In a move that underscores the relentless downward pressure on investment costs, Vanguard announced today that it has slashed fees for 84 mutual fund and exchange-traded share classes. These reductions, spanning 53 different funds, represent nearly $250 million in estimated savings for investors in 2026 alone.
This latest round of cuts brings the firm’s two-year total savings to approximately $600 million, marking the largest two-year combined cost reduction in Vanguard’s history, according to a statement from the firm. For financial advisors, the move reinforces Vanguard’s role in making investing more accessible, affordable, and efficient for investors over the past 50 years. The average Vanguard expense ratio across its entire lineup now sits at just 0.06%.
“The fee reductions are a great post-holiday present to existing Vanguard fund shareholders,” Todd Rosenbluth, head of research at VettaFi, said. “While we continue to believe ETF selection should go deeper than a review of expense ratio, these savings will help investors achieve their financial goals.”
Broad-Based Reductions Across Asset Classes
The fee migrations were not localized to a single niche but extended across 25% of the firm’s total fund lineup.
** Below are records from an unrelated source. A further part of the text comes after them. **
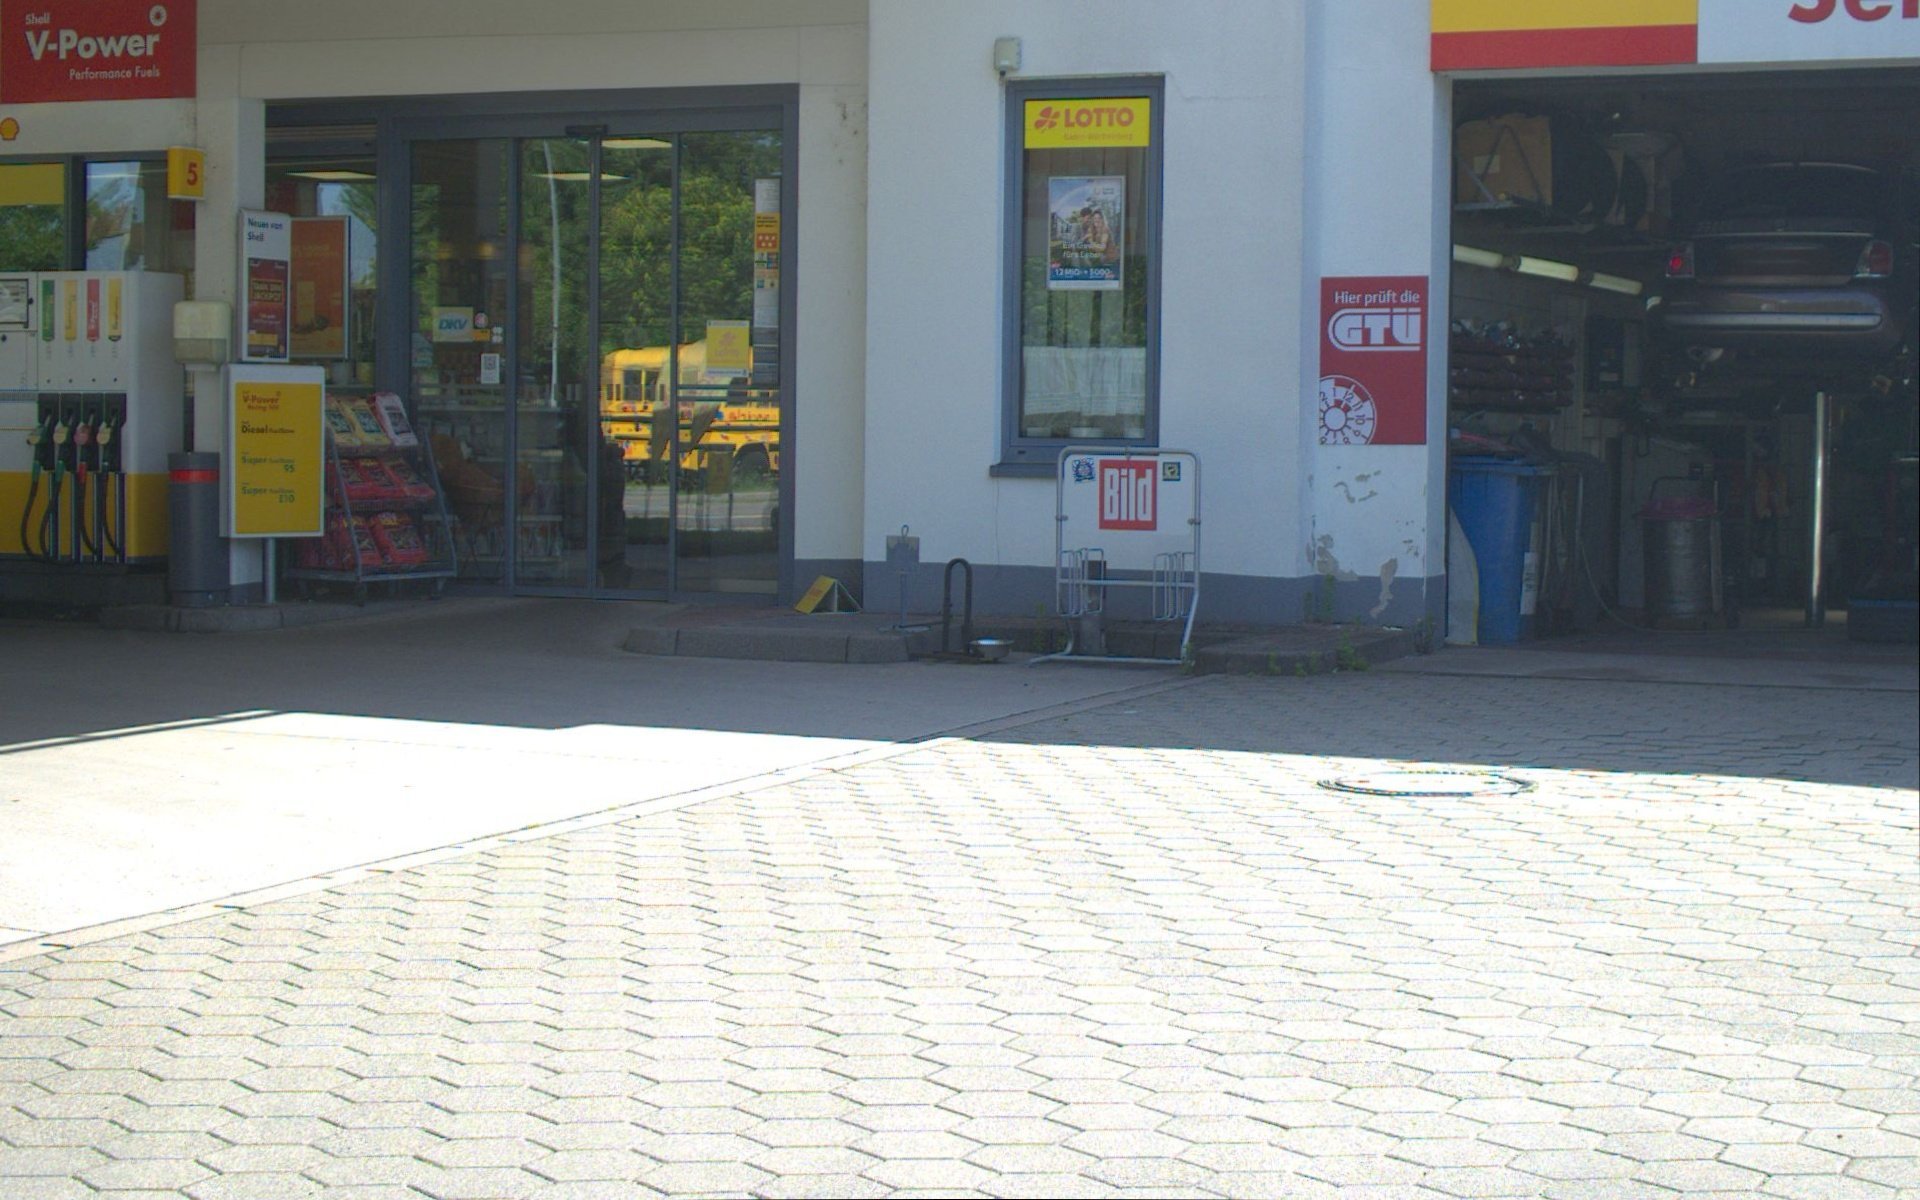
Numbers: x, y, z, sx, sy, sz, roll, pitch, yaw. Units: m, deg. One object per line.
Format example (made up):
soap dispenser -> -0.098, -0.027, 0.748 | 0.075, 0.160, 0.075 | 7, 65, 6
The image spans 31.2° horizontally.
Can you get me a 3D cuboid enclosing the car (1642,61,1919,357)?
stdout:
car -> 5.645, -2.377, 21.699 | 1.649, 1.481, 3.995 | 1, 1, 26

The average reduction for the specific funds receiving a cut this year is 27%.
Among the notable ETFs impacted are the Vanguard Growth ETF (VUG ) and the Vanguard Value ETF (VTV ). Additionally, international and factor-based strategies saw adjustments, including the FTSE Emerging Markets ETF (VWO ) and popular income plays like the Dividend Appreciation ETF (VIG ) and the High Dividend Yield ETF (VYM ).
The fee cuts reveal a particularly aggressive stance in the fixed-income sector. Currently, 100% of Vanguard’s active fixed-income funds and 89% of its fixed-income ETFs are priced in the lowest cost decile of their respective categories, according to the firm.
“Vanguard is investor-owned – we have no outside stockholders or inside owners profiting from our clients. These fee reductions – more than half a billion dollars over the past two years—are a clear expression of our purpose and commitment to our clients as owners,” Salim Ramji, Vanguard’s CEO, said in a statement. “When investors keep more of what they earn, the benefits compound over the long term, helping our clients achieve their most important financial goals.”
Vanguard Cuts Fees: What This Means for Advisors
For advisors, the correlation between cost and performance remains the primary selling point. Vanguard reports that 84% of its funds have outperformed peer group averages over the past decade. This outperformance is even more pronounced in the active fixed income space, where 88% of Vanguard’s active fixed-income funds beat their benchmarks.
While these cuts strengthen Vanguard’s position in the industry, they also challenge advisors to justify the use of higher-cost active managers in portfolios.